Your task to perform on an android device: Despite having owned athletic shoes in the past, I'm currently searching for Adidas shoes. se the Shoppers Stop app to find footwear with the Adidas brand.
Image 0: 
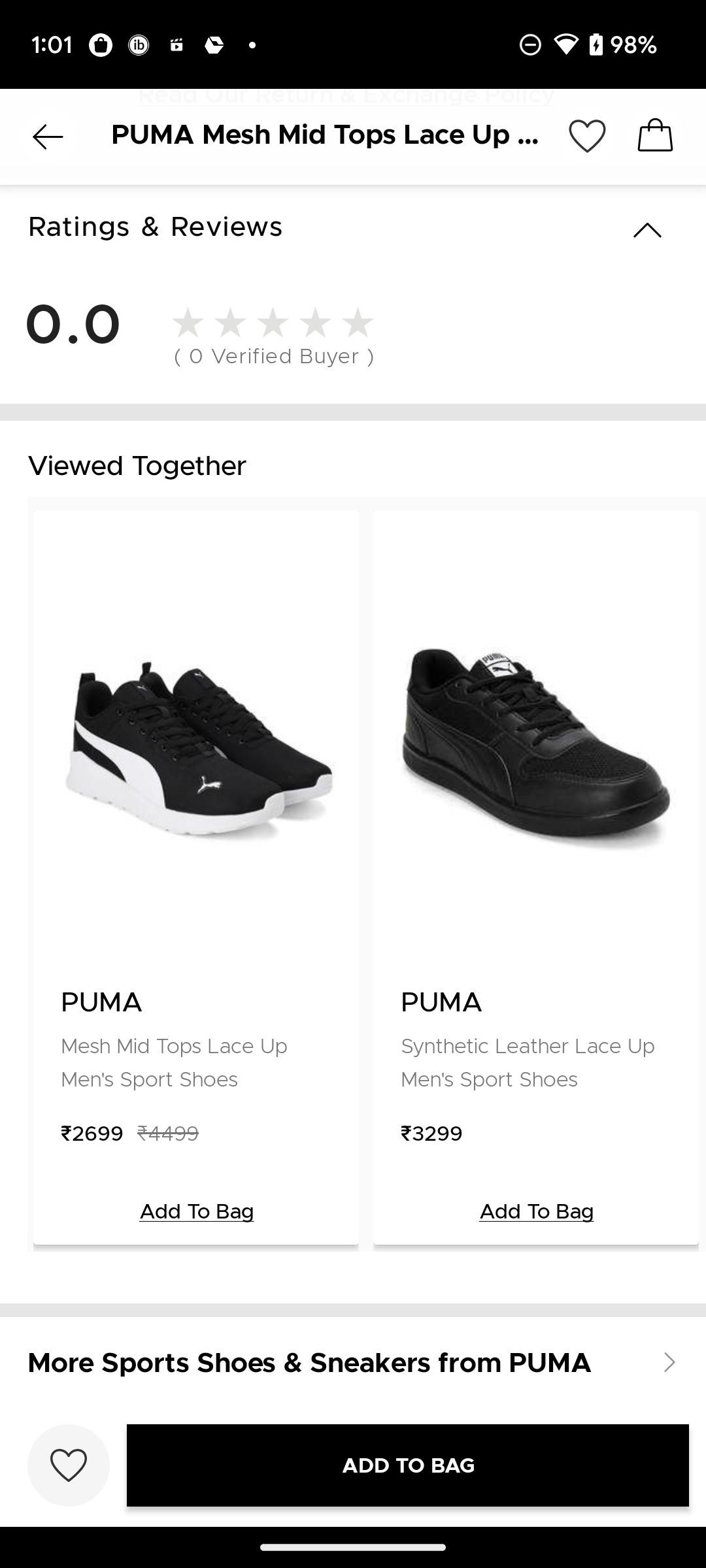
go back to the previous page
Step 0: press back button
Image 1: 
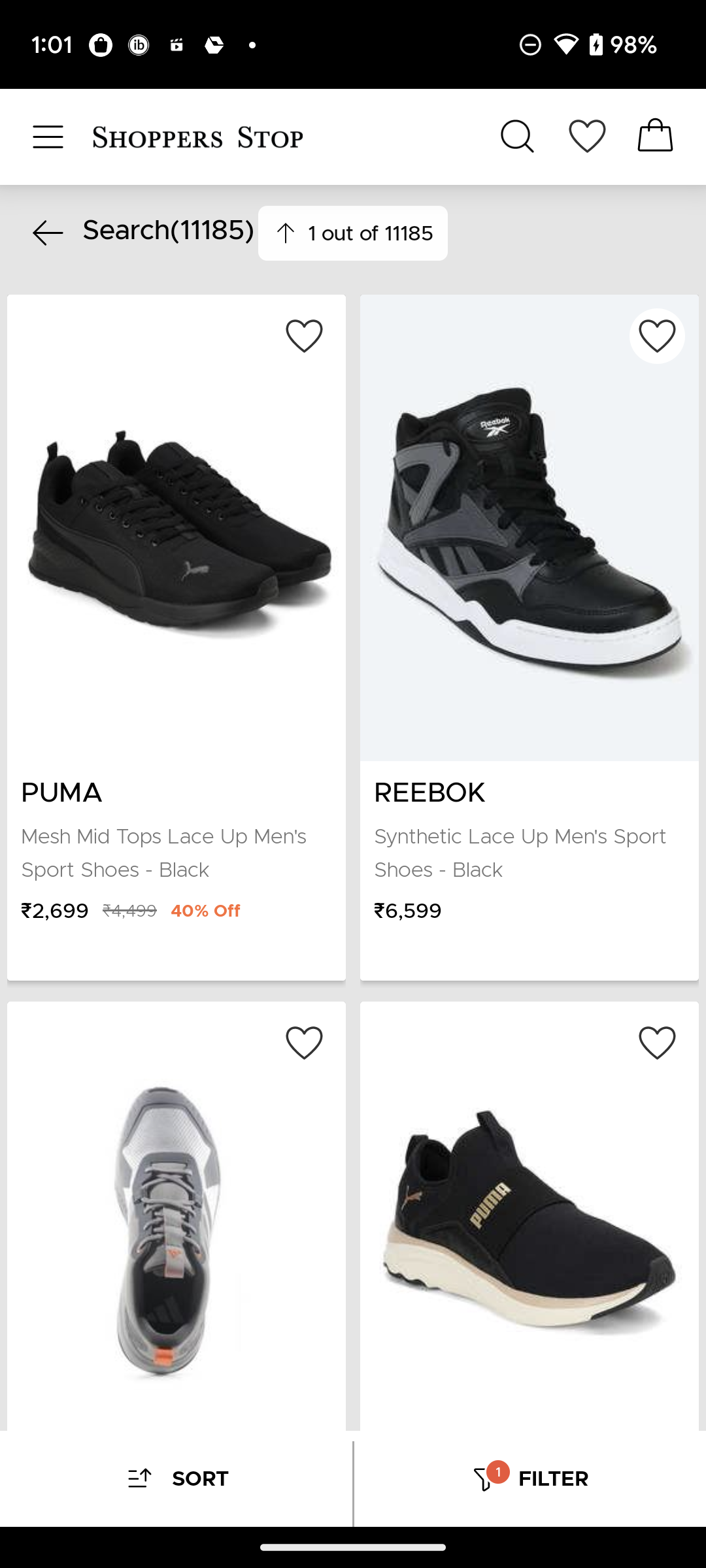
Click on FILTER at the bottom of the screen
Step 1: click (530, 1478)
Image 2: 
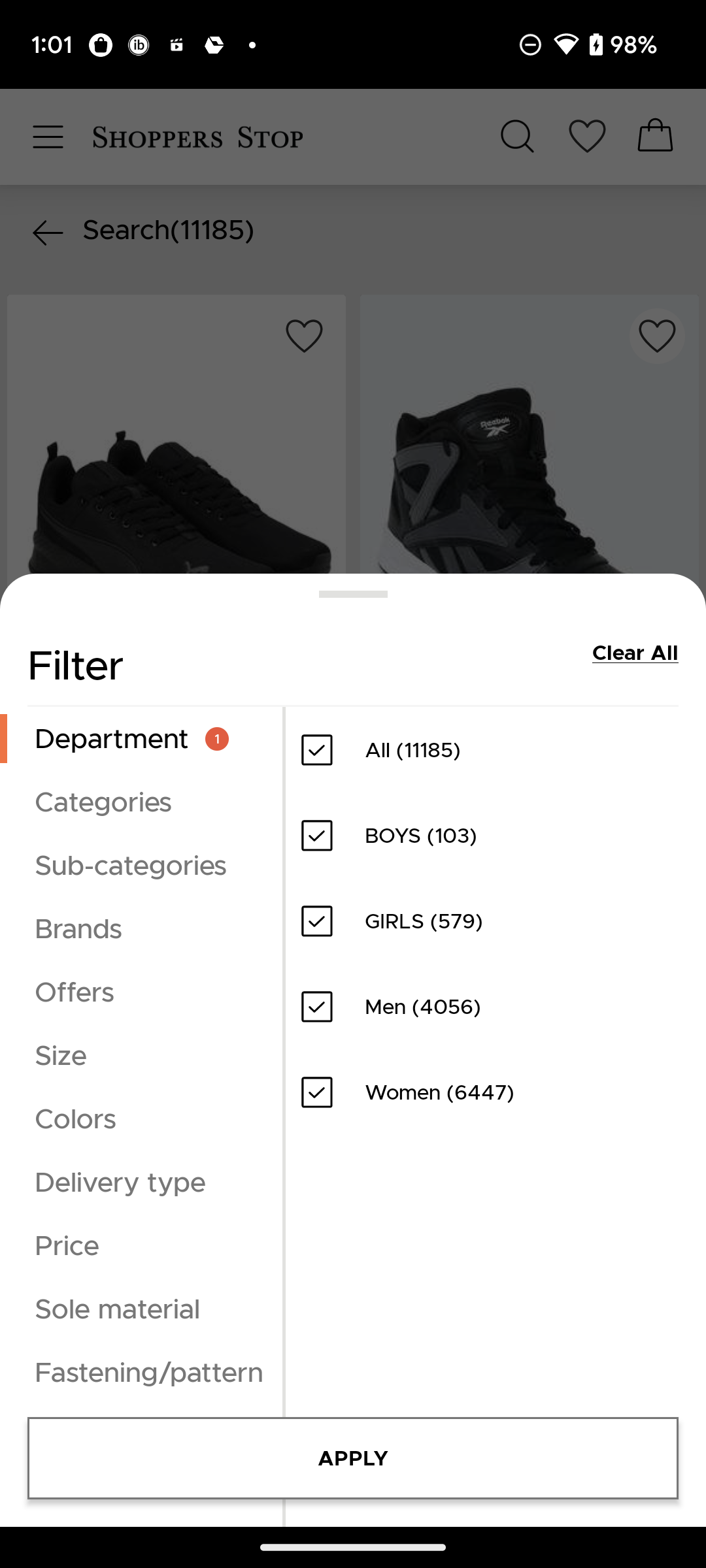
Click on Brands Filter
Step 2: click (78, 928)
Image 3: 
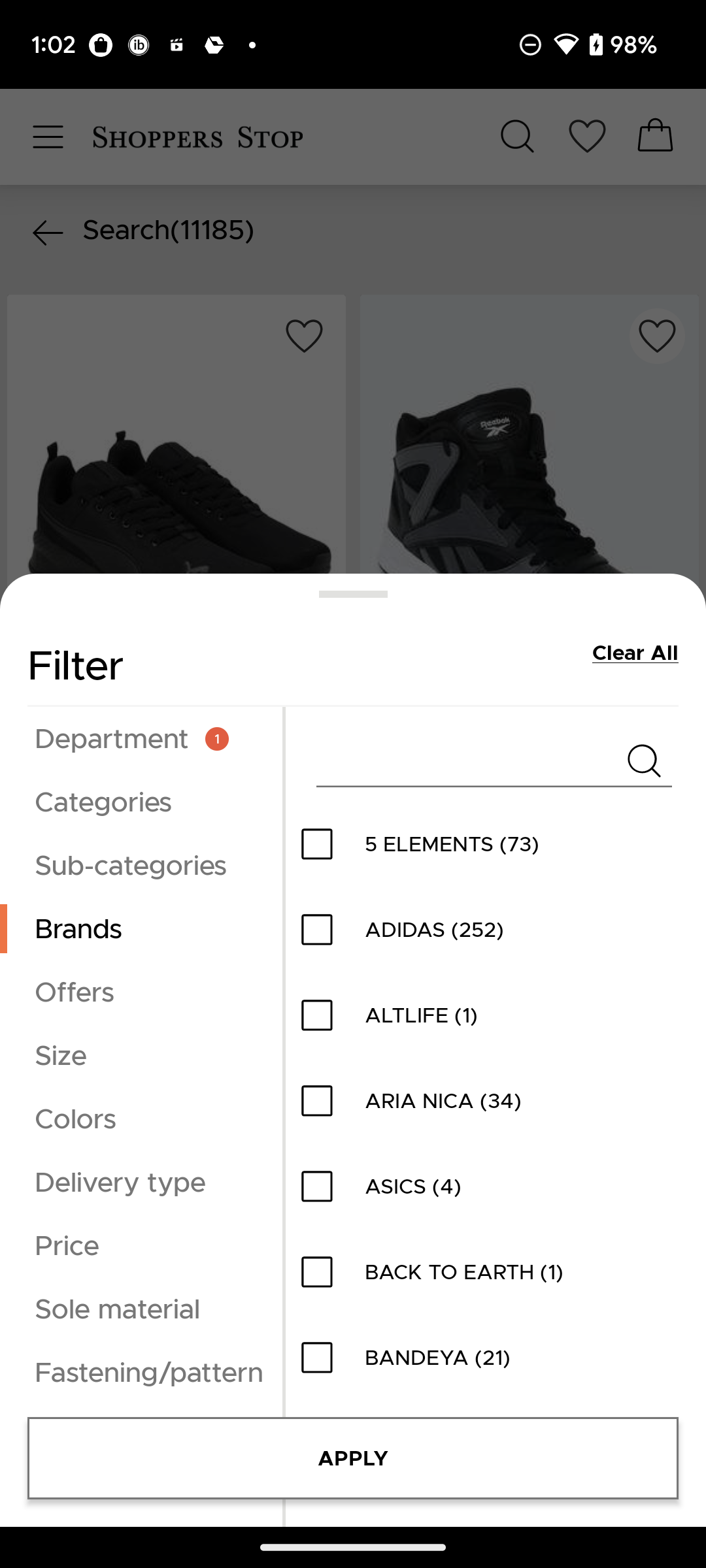
Click on the check box of ADIDAS Brand
Step 3: click (318, 933)
Image 4: 
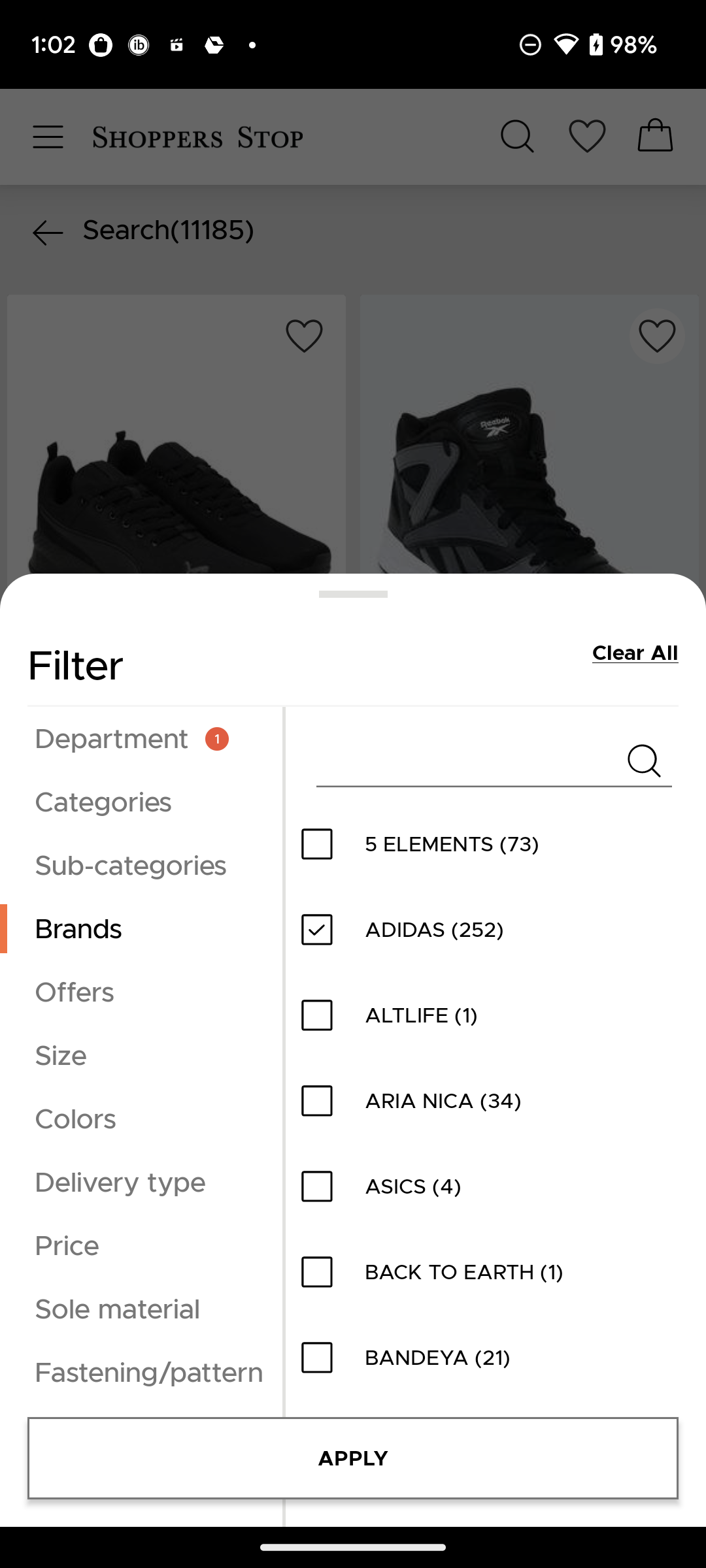
Click on APPLY button at the bottom of the screen
Step 4: click (353, 1458)

### Task prompt:
Each record above goes into the copy unchanged; the pictures do not.

### Answer for the task:
Your task to perform on an android device: Despite having owned athletic shoes in the past, I'm currently searching for Adidas shoes. se the Shoppers Stop app to find footwear with the Adidas brand.
Image 0: 
go back to the previous page
Step 0: press back button
Image 1: 
Click on FILTER at the bottom of the screen
Step 1: click (530, 1478)
Image 2: 
Click on Brands Filter
Step 2: click (78, 928)
Image 3: 
Click on the check box of ADIDAS Brand
Step 3: click (318, 933)
Image 4: 
Click on APPLY button at the bottom of the screen
Step 4: click (353, 1458)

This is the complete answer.